- Supplied entries:
BEGIN

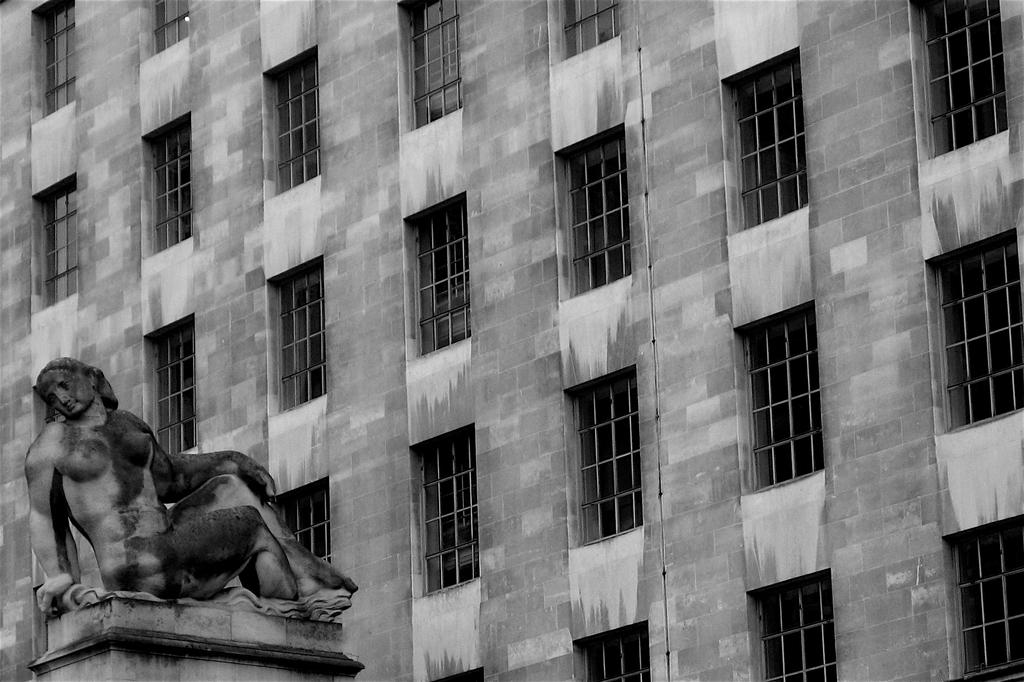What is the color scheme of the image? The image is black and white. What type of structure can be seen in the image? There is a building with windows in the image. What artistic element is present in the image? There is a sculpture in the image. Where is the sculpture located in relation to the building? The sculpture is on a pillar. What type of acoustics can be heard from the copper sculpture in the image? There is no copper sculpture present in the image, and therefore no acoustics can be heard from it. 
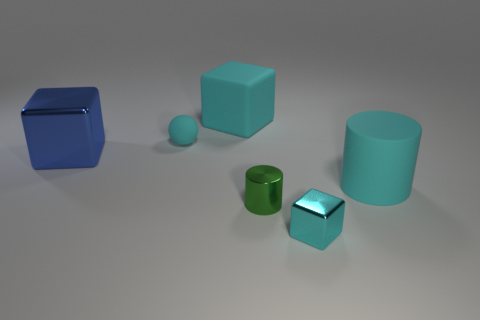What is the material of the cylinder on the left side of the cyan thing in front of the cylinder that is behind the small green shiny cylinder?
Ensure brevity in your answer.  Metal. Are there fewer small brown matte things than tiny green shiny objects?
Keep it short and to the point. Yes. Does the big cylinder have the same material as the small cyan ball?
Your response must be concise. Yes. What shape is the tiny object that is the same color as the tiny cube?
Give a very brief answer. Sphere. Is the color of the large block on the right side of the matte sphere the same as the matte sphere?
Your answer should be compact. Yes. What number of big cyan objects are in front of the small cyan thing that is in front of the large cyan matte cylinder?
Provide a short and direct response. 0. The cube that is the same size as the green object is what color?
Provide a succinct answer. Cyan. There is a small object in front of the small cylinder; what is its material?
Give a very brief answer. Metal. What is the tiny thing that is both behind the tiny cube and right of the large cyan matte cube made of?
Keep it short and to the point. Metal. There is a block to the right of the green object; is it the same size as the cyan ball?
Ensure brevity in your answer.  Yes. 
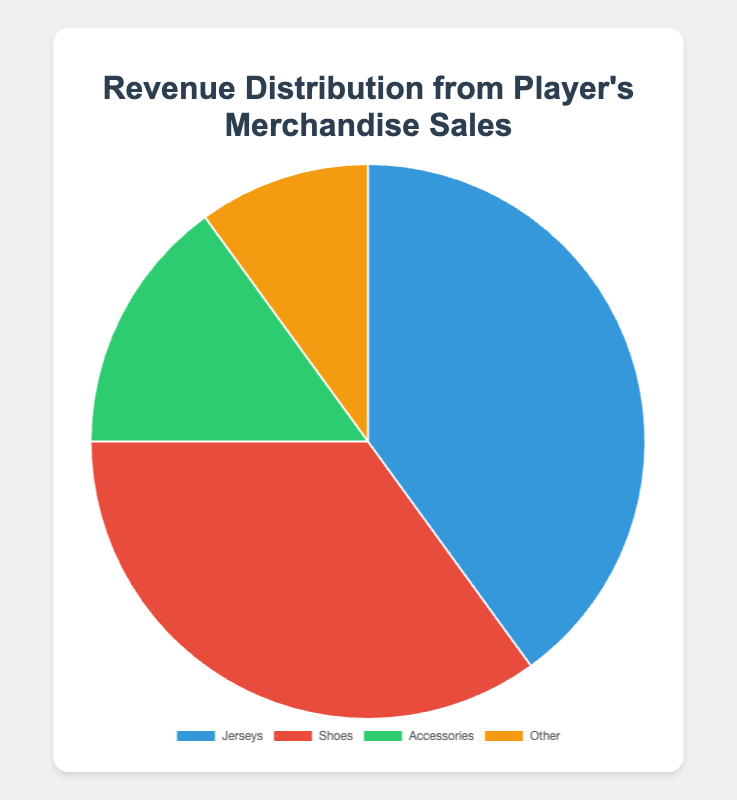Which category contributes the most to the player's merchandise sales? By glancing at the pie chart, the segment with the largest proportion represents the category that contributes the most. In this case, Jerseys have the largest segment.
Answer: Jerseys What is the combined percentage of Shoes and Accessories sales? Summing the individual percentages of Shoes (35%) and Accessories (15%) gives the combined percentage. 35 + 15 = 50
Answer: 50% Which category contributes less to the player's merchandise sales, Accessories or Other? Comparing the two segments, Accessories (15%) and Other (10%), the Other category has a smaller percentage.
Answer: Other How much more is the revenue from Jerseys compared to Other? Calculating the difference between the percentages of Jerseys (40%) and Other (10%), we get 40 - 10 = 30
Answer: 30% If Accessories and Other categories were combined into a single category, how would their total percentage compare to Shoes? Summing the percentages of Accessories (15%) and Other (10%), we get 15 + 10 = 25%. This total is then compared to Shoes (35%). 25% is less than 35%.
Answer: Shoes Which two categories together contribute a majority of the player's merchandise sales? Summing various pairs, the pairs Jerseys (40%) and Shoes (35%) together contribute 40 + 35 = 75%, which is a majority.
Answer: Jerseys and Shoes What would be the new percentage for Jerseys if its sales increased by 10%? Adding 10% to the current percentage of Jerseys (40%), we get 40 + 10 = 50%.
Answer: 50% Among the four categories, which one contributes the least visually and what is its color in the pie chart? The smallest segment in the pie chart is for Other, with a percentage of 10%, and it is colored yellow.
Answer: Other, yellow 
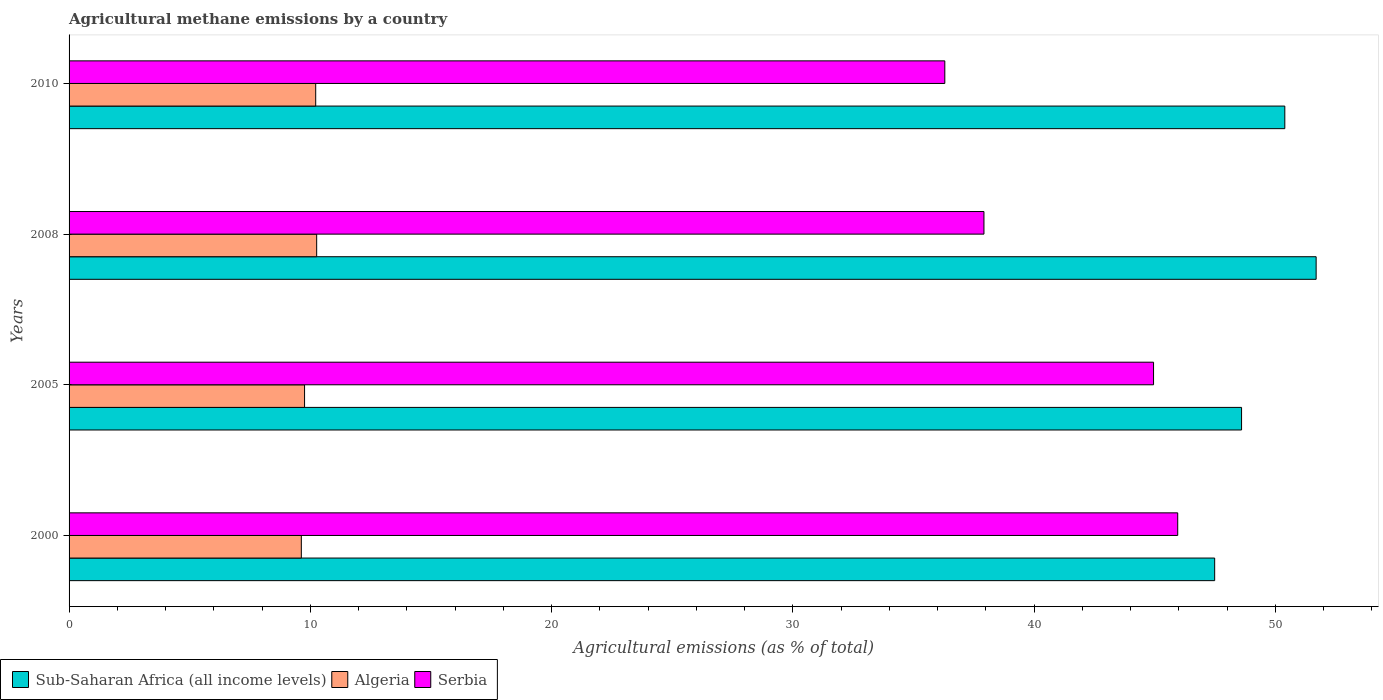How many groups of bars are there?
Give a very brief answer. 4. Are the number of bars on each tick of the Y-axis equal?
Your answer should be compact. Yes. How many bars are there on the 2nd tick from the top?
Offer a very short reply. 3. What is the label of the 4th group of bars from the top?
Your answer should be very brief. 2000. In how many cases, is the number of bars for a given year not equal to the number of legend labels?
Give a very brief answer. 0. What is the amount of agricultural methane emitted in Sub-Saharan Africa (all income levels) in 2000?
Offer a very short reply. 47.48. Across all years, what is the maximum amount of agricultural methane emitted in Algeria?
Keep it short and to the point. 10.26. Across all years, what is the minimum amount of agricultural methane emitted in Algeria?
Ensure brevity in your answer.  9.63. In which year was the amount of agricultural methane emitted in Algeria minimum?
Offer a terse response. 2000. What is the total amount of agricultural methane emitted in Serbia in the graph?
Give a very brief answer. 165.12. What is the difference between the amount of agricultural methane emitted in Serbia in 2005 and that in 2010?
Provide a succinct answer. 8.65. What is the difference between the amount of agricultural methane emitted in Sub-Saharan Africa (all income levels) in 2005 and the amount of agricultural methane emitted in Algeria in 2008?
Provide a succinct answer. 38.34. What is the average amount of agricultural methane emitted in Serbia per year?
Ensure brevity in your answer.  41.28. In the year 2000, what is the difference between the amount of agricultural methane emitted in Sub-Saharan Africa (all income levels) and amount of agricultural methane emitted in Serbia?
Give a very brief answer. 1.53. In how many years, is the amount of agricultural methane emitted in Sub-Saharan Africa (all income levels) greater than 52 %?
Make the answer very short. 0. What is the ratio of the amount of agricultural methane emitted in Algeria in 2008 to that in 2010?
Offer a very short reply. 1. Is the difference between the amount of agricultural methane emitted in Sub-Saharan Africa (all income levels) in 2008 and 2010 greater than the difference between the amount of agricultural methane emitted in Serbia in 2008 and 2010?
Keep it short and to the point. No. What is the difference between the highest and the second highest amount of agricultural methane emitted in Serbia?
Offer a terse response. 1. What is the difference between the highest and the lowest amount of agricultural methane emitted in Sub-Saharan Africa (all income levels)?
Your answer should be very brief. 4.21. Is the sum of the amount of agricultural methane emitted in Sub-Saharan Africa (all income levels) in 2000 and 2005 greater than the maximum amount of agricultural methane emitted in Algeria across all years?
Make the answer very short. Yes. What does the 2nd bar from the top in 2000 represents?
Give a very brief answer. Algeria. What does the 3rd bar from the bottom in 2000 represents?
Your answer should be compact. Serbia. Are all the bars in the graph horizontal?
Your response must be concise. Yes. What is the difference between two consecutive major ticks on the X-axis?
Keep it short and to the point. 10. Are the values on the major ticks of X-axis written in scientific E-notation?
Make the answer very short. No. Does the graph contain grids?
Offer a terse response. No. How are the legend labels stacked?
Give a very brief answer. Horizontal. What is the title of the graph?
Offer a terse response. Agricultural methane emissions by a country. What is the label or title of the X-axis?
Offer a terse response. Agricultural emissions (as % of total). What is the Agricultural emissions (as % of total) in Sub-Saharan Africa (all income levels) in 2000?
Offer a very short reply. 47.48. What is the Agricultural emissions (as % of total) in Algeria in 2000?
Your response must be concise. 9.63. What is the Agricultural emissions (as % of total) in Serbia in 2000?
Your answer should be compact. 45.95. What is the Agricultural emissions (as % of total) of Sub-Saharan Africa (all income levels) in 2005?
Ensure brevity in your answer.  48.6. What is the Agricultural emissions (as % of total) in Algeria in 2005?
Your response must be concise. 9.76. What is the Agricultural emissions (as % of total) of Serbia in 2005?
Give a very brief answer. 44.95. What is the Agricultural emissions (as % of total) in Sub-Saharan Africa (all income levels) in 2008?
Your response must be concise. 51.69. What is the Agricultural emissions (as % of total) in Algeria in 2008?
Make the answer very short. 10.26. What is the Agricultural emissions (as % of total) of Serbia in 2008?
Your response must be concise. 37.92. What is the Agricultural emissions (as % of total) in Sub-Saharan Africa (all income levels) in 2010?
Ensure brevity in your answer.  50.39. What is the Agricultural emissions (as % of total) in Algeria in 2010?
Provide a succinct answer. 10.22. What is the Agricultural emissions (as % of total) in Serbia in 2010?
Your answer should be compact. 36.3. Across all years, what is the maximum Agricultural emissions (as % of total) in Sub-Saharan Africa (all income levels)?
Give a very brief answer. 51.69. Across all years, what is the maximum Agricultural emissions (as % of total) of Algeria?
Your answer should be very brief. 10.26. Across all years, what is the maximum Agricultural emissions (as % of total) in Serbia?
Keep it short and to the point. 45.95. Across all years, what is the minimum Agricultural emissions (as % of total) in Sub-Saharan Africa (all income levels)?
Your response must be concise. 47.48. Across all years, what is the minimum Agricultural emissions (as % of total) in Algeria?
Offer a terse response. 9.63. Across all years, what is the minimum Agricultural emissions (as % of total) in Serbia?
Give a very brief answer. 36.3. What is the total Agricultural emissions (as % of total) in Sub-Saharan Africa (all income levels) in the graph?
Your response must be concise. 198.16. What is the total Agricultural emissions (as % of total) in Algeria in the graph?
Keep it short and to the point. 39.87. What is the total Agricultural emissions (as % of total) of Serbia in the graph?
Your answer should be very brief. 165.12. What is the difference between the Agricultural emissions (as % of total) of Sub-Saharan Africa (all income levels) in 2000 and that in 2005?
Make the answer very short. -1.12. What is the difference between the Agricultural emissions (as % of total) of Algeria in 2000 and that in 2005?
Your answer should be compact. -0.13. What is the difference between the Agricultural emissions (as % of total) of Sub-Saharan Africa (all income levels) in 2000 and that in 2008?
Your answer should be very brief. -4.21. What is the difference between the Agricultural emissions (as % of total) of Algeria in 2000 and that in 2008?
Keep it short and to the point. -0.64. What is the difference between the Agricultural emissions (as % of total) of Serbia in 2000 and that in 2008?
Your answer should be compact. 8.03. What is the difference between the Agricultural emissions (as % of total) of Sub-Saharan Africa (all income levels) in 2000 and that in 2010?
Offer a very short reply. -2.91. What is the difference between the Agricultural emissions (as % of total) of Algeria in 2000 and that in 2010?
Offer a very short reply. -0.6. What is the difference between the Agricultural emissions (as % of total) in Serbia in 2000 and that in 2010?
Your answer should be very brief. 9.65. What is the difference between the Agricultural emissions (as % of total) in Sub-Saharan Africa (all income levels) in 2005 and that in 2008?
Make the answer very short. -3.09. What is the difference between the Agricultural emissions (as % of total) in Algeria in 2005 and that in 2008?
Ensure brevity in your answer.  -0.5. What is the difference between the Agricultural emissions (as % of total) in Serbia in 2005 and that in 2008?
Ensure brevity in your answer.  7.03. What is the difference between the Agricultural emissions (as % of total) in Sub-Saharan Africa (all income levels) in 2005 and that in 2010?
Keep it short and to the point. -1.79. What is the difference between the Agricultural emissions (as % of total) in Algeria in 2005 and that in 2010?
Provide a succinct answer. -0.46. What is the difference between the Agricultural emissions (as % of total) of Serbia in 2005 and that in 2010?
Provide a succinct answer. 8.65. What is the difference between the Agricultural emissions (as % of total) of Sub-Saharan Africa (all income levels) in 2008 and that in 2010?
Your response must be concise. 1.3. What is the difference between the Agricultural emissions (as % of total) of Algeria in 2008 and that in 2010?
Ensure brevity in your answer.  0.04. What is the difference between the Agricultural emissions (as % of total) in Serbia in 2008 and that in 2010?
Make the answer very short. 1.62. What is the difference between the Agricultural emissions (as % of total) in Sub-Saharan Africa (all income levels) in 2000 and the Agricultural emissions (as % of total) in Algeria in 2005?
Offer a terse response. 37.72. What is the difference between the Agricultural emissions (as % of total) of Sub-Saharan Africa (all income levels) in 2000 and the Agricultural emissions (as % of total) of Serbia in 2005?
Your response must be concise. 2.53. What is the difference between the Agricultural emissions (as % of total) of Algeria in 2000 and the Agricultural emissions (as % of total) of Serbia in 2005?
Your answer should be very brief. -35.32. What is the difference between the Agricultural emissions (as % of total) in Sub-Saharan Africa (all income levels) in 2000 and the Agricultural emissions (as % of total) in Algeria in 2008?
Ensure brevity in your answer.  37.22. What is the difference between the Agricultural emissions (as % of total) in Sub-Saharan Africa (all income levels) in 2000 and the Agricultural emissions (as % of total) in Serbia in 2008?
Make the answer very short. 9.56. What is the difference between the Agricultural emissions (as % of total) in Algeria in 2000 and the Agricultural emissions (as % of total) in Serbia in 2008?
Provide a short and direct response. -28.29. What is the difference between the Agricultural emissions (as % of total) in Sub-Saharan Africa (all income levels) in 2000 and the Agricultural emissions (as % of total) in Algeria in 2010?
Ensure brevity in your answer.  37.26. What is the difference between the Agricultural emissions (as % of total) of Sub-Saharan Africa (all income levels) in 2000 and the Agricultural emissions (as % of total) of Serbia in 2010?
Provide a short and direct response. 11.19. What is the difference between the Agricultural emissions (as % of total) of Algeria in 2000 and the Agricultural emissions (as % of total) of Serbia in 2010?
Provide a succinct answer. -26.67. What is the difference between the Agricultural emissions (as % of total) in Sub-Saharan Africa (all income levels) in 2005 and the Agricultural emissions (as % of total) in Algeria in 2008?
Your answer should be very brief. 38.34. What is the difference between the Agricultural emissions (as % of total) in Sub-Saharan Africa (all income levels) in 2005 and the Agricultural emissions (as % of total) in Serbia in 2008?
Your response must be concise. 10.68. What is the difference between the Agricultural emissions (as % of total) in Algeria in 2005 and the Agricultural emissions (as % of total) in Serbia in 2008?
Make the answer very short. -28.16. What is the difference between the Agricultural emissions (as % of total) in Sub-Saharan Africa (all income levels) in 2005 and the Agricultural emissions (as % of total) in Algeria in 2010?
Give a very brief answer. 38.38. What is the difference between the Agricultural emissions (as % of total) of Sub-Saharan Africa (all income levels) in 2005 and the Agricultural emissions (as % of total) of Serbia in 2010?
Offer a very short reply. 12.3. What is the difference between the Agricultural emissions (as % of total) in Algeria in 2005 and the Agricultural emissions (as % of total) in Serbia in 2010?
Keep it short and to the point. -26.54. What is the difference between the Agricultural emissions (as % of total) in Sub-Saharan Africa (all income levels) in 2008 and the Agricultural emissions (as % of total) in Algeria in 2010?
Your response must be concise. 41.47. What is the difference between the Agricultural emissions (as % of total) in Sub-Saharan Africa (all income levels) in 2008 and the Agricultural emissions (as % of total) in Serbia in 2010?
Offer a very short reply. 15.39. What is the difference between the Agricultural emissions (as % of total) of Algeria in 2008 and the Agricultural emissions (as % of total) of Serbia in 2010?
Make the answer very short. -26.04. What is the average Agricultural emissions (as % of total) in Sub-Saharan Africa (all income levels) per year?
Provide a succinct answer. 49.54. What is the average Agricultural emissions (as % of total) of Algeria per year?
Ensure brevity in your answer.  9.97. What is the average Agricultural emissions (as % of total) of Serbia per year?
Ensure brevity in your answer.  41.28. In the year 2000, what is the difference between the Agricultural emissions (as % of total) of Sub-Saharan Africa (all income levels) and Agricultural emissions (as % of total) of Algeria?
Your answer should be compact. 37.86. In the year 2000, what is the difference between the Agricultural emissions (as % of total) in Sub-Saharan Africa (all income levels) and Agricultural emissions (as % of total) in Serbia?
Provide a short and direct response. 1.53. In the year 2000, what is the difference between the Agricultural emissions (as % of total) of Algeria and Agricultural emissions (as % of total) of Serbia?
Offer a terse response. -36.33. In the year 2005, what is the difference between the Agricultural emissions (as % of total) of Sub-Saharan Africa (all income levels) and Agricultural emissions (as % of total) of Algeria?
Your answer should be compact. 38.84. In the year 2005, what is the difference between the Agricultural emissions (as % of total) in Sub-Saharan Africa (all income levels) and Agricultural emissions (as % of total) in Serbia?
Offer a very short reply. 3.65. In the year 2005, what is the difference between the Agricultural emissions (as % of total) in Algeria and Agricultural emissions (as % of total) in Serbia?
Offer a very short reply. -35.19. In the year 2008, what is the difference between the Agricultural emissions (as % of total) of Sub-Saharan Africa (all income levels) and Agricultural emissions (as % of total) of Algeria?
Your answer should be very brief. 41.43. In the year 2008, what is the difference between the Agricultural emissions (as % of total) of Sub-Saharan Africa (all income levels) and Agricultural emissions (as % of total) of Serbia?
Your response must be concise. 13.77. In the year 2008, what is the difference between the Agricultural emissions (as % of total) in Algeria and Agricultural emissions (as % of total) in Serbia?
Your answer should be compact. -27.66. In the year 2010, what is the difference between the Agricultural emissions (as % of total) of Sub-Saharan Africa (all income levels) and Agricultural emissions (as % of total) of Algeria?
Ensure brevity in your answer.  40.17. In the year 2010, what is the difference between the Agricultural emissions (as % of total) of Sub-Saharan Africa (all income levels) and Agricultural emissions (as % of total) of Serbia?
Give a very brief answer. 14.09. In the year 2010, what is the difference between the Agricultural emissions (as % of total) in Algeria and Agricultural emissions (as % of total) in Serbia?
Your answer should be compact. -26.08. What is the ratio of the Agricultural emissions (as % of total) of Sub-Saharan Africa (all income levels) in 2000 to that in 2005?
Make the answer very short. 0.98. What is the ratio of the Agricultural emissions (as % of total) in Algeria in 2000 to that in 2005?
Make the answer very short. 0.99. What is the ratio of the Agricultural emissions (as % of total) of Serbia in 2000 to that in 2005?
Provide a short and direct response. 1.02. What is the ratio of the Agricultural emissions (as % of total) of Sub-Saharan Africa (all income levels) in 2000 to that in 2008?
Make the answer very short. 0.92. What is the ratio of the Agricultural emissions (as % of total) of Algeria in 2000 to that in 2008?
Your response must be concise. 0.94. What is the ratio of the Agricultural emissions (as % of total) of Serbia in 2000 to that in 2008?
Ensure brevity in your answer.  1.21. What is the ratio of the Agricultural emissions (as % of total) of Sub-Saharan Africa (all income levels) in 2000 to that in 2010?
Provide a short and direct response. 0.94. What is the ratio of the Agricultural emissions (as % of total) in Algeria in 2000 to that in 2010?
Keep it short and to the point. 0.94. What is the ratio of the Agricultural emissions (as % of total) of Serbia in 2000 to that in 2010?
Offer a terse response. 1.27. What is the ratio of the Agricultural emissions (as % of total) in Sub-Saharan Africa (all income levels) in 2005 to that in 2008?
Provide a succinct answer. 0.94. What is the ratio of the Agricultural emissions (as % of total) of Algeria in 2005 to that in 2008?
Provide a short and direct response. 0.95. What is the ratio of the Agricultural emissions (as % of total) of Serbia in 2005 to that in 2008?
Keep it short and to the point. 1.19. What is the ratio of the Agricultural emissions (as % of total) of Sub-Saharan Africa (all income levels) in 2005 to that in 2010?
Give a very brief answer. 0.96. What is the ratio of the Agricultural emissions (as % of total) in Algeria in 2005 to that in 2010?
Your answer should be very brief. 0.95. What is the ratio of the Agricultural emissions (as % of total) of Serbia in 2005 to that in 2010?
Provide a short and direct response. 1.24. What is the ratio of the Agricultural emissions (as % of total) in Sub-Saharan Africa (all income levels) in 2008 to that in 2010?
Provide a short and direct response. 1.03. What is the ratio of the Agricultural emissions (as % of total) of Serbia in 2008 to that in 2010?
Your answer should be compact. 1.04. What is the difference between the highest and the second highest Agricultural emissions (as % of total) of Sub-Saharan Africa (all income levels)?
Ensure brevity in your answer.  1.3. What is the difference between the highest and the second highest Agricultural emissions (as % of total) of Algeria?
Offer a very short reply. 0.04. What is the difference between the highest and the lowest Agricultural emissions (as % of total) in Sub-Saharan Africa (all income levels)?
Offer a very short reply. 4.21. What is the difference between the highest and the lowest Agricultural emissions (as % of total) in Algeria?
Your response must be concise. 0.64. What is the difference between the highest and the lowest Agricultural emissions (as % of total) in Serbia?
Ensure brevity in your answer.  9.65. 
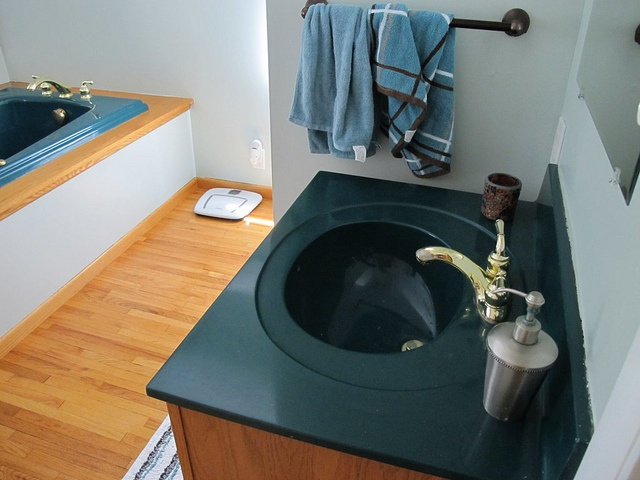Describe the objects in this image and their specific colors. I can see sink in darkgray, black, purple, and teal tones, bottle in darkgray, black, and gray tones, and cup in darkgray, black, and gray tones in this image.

END

"years" is the word to look for; copy every line of the data that has it.

- Reply to the exercise:
Offer a very short reply. 47.48. Across all years, what is the maximum amount of agricultural methane emitted in Algeria?
Keep it short and to the point. 10.26. Across all years, what is the minimum amount of agricultural methane emitted in Algeria?
Give a very brief answer. 1.53. In how many years, is the amount of agricultural methane emitted in Sub-Saharan Africa (all income levels) greater than 52 %?
Your answer should be very brief. 4.21. Is the sum of the amount of agricultural methane emitted in Sub-Saharan Africa (all income levels) in 2000 and 2005 greater than the maximum amount of agricultural methane emitted in Algeria across all years?
Your answer should be compact. 36.3. Across all years, what is the maximum Agricultural emissions (as % of total) in Sub-Saharan Africa (all income levels)?
Give a very brief answer. 51.69. Across all years, what is the maximum Agricultural emissions (as % of total) of Algeria?
Your answer should be very brief. 10.26. Across all years, what is the maximum Agricultural emissions (as % of total) in Serbia?
Keep it short and to the point. 45.95. Across all years, what is the minimum Agricultural emissions (as % of total) in Sub-Saharan Africa (all income levels)?
Your response must be concise. 47.48. Across all years, what is the minimum Agricultural emissions (as % of total) in Algeria?
Offer a terse response. 9.63. Across all years, what is the minimum Agricultural emissions (as % of total) in Serbia?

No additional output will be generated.